Stored data
- - - - - - -
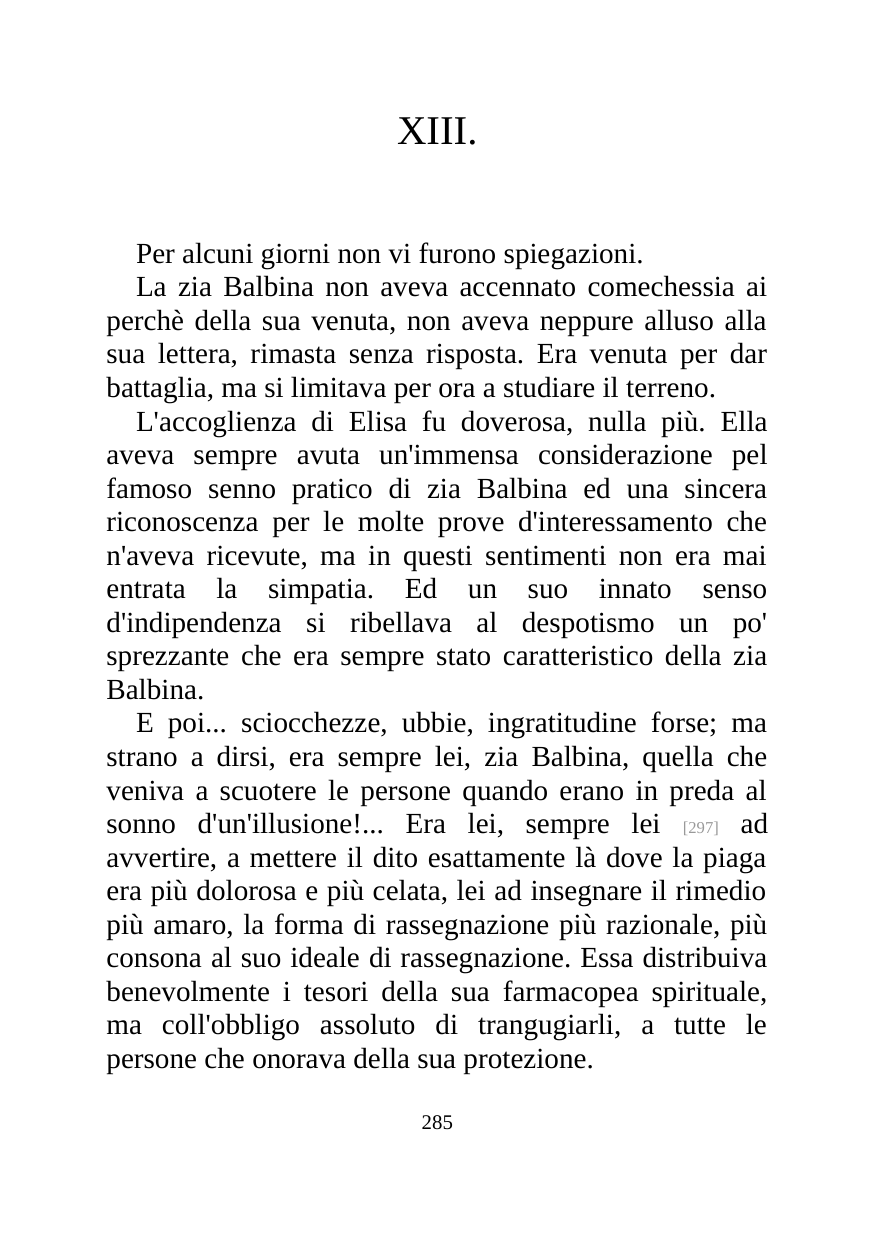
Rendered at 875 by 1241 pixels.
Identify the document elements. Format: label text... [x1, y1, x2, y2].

text Per alcuni giorni non vi furono spiegazioni. [106, 236, 768, 269]
subtitle XIII. [106, 106, 768, 153]
text L'accoglienza di Elisa fu doverosa, nulla più. Ella aveva sempre avuta un'immensa considerazione pel famoso senno pratico di zia Balbina ed una sincera riconoscenza per le molte prove d'interessamento che n'aveva ricevute, ma in questi sentimenti non era mai entrata la simpatia. Ed un suo innato senso d'indipendenza si ribellava al despotismo un po' sprezzante che era sempre stato caratteristico della zia Balbina. [106, 404, 768, 706]
text La zia Balbina non aveva accennato comechessia ai perchè della sua venuta, non aveva neppure alluso alla sua lettera, rimasta senza risposta. Era venuta per dar battaglia, ma si limitava per ora a studiare il terreno. [106, 269, 768, 404]
text E poi... sciocchezze, ubbie, ingratitudine forse; ma strano a dirsi, era sempre lei, zia Balbina, quella che veniva a scuotere le persone quando erano in preda al sonno d'un'illusione!... Era lei, sempre lei [297] ad avvertire, a mettere il dito esattamente là dove la piaga era più dolorosa e più celata, lei ad insegnare il rimedio più amaro, la forma di rassegnazione più razionale, più consona al suo ideale di rassegnazione. Essa distribuiva benevolmente i tesori della sua farmacopea spirituale, ma coll'obbligo assoluto di trangugiarli, a tutte le persone che onorava della sua protezione. [106, 706, 768, 1074]
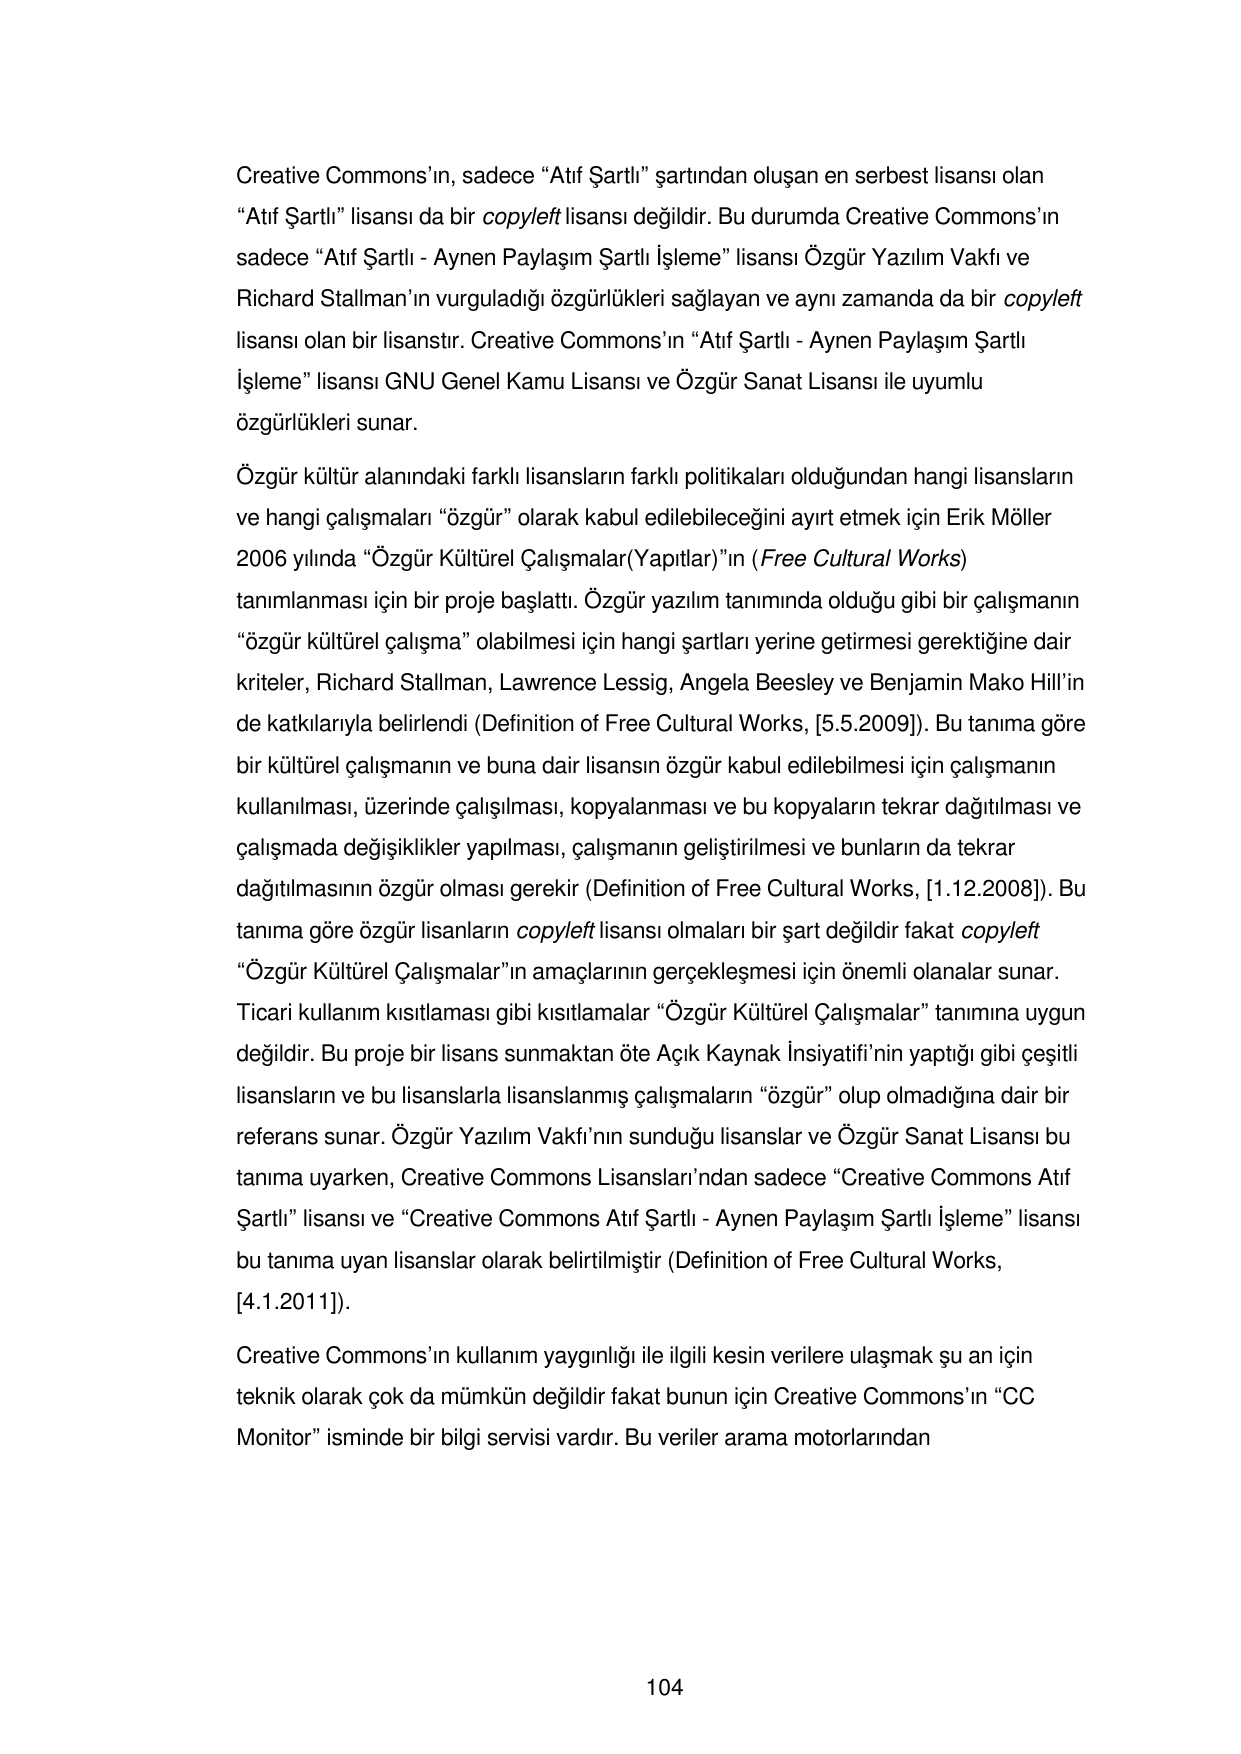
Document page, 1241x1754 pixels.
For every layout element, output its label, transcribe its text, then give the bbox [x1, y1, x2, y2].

text Creative Commons’ın kullanım yaygınlığı ile ilgili kesin verilere ulaşmak şu an için teknik olarak çok da mümkün değildir fakat bunun için Creative Commons’ın “CC Monitor” isminde bir bilgi servisi vardır. Bu veriler arama motorlarından [236, 1340, 1093, 1450]
text Creative Commons’ın, sadece “Atıf Şartlı” şartından oluşan en serbest lisansı olan “Atıf Şartlı” lisansı da bir copyleft lisansı değildir. Bu durumda Creative Commons’ın sadece “Atıf Şartlı - Aynen Paylaşım Şartlı İşleme” lisansı Özgür Yazılım Vakfı ve Richard Stallman’ın vurguladığı özgürlükleri sağlayan ve aynı zamanda da bir copyleft lisansı olan bir lisanstır. Creative Commons’ın “Atıf Şartlı - Aynen Paylaşım Şartlı İşleme” lisansı GNU Genel Kamu Lisansı ve Özgür Sanat Lisansı ile uyumlu özgürlükleri sunar. [236, 160, 1093, 435]
text Özgür kültür alanındaki farklı lisansların farklı politikaları olduğundan hangi lisansların ve hangi çalışmaları “özgür” olarak kabul edilebileceğini ayırt etmek için Erik Möller 2006 yılında “Özgür Kültürel Çalışmalar(Yapıtlar)”ın (Free Cultural Works) tanımlanması için bir proje başlattı. Özgür yazılım tanımında olduğu gibi bir çalışmanın “özgür kültürel çalışma” olabilmesi için hangi şartları yerine getirmesi gerektiğine dair kriteler, Richard Stallman, Lawrence Lessig, Angela Beesley ve Benjamin Mako Hill’in de katkılarıyla belirlendi (Definition of Free Cultural Works, [5.5.2009]). Bu tanıma göre bir kültürel çalışmanın ve buna dair lisansın özgür kabul edilebilmesi için çalışmanın kullanılması, üzerinde çalışılması, kopyalanması ve bu kopyaların tekrar dağıtılması ve çalışmada değişiklikler yapılması, çalışmanın geliştirilmesi ve bunların da tekrar dağıtılmasının özgür olması gerekir (Definition of Free Cultural Works, [1.12.2008]). Bu tanıma göre özgür lisanların copyleft lisansı olmaları bir şart değildir fakat copyleft “Özgür Kültürel Çalışmalar”ın amaçlarının gerçekleşmesi için önemli olanalar sunar. Ticari kullanım kısıtlaması gibi kısıtlamalar “Özgür Kültürel Çalışmalar” tanımına uygun değildir. Bu proje bir lisans sunmaktan öte Açık Kaynak İnsiyatifi’nin yaptığı gibi çeşitli lisansların ve bu lisanslarla lisanslanmış çalışmaların “özgür” olup olmadığına dair bir referans sunar. Özgür Yazılım Vakfı’nın sunduğu lisanslar ve Özgür Sanat Lisansı bu tanıma uyarken, Creative Commons Lisansları’ndan sadece “Creative Commons Atıf Şartlı” lisansı ve “Creative Commons Atıf Şartlı - Aynen Paylaşım Şartlı İşleme” lisansı bu tanıma uyan lisanslar olarak belirtilmiştir (Definition of Free Cultural Works, [4.1.2011]). [236, 461, 1093, 1314]
- - - - - - -
■ Task prompt
Copy the data word for word, no pictures.

■ Written response
Rendered at 875 by 1241 pixels.
Identify the document elements. Format: label text... [x1, y1, x2, y2].

text Per alcuni giorni non vi furono spiegazioni. [106, 236, 768, 269]
subtitle XIII. [106, 106, 768, 153]
text L'accoglienza di Elisa fu doverosa, nulla più. Ella aveva sempre avuta un'immensa considerazione pel famoso senno pratico di zia Balbina ed una sincera riconoscenza per le molte prove d'interessamento che n'aveva ricevute, ma in questi sentimenti non era mai entrata la simpatia. Ed un suo innato senso d'indipendenza si ribellava al despotismo un po' sprezzante che era sempre stato caratteristico della zia Balbina. [106, 404, 768, 706]
text La zia Balbina non aveva accennato comechessia ai perchè della sua venuta, non aveva neppure alluso alla sua lettera, rimasta senza risposta. Era venuta per dar battaglia, ma si limitava per ora a studiare il terreno. [106, 269, 768, 404]
text E poi... sciocchezze, ubbie, ingratitudine forse; ma strano a dirsi, era sempre lei, zia Balbina, quella che veniva a scuotere le persone quando erano in preda al sonno d'un'illusione!... Era lei, sempre lei [297] ad avvertire, a mettere il dito esattamente là dove la piaga era più dolorosa e più celata, lei ad insegnare il rimedio più amaro, la forma di rassegnazione più razionale, più consona al suo ideale di rassegnazione. Essa distribuiva benevolmente i tesori della sua farmacopea spirituale, ma coll'obbligo assoluto di trangugiarli, a tutte le persone che onorava della sua protezione. [106, 706, 768, 1074]
Document page, 1241x1754 pixels.
For every layout element, output its label, transcribe its text, then give the bbox [x1, y1, x2, y2].

text Creative Commons’ın kullanım yaygınlığı ile ilgili kesin verilere ulaşmak şu an için teknik olarak çok da mümkün değildir fakat bunun için Creative Commons’ın “CC Monitor” isminde bir bilgi servisi vardır. Bu veriler arama motorlarından [236, 1340, 1093, 1450]
text Creative Commons’ın, sadece “Atıf Şartlı” şartından oluşan en serbest lisansı olan “Atıf Şartlı” lisansı da bir copyleft lisansı değildir. Bu durumda Creative Commons’ın sadece “Atıf Şartlı - Aynen Paylaşım Şartlı İşleme” lisansı Özgür Yazılım Vakfı ve Richard Stallman’ın vurguladığı özgürlükleri sağlayan ve aynı zamanda da bir copyleft lisansı olan bir lisanstır. Creative Commons’ın “Atıf Şartlı - Aynen Paylaşım Şartlı İşleme” lisansı GNU Genel Kamu Lisansı ve Özgür Sanat Lisansı ile uyumlu özgürlükleri sunar. [236, 160, 1093, 435]
text Özgür kültür alanındaki farklı lisansların farklı politikaları olduğundan hangi lisansların ve hangi çalışmaları “özgür” olarak kabul edilebileceğini ayırt etmek için Erik Möller 2006 yılında “Özgür Kültürel Çalışmalar(Yapıtlar)”ın (Free Cultural Works) tanımlanması için bir proje başlattı. Özgür yazılım tanımında olduğu gibi bir çalışmanın “özgür kültürel çalışma” olabilmesi için hangi şartları yerine getirmesi gerektiğine dair kriteler, Richard Stallman, Lawrence Lessig, Angela Beesley ve Benjamin Mako Hill’in de katkılarıyla belirlendi (Definition of Free Cultural Works, [5.5.2009]). Bu tanıma göre bir kültürel çalışmanın ve buna dair lisansın özgür kabul edilebilmesi için çalışmanın kullanılması, üzerinde çalışılması, kopyalanması ve bu kopyaların tekrar dağıtılması ve çalışmada değişiklikler yapılması, çalışmanın geliştirilmesi ve bunların da tekrar dağıtılmasının özgür olması gerekir (Definition of Free Cultural Works, [1.12.2008]). Bu tanıma göre özgür lisanların copyleft lisansı olmaları bir şart değildir fakat copyleft “Özgür Kültürel Çalışmalar”ın amaçlarının gerçekleşmesi için önemli olanalar sunar. Ticari kullanım kısıtlaması gibi kısıtlamalar “Özgür Kültürel Çalışmalar” tanımına uygun değildir. Bu proje bir lisans sunmaktan öte Açık Kaynak İnsiyatifi’nin yaptığı gibi çeşitli lisansların ve bu lisanslarla lisanslanmış çalışmaların “özgür” olup olmadığına dair bir referans sunar. Özgür Yazılım Vakfı’nın sunduğu lisanslar ve Özgür Sanat Lisansı bu tanıma uyarken, Creative Commons Lisansları’ndan sadece “Creative Commons Atıf Şartlı” lisansı ve “Creative Commons Atıf Şartlı - Aynen Paylaşım Şartlı İşleme” lisansı bu tanıma uyan lisanslar olarak belirtilmiştir (Definition of Free Cultural Works, [4.1.2011]). [236, 461, 1093, 1314]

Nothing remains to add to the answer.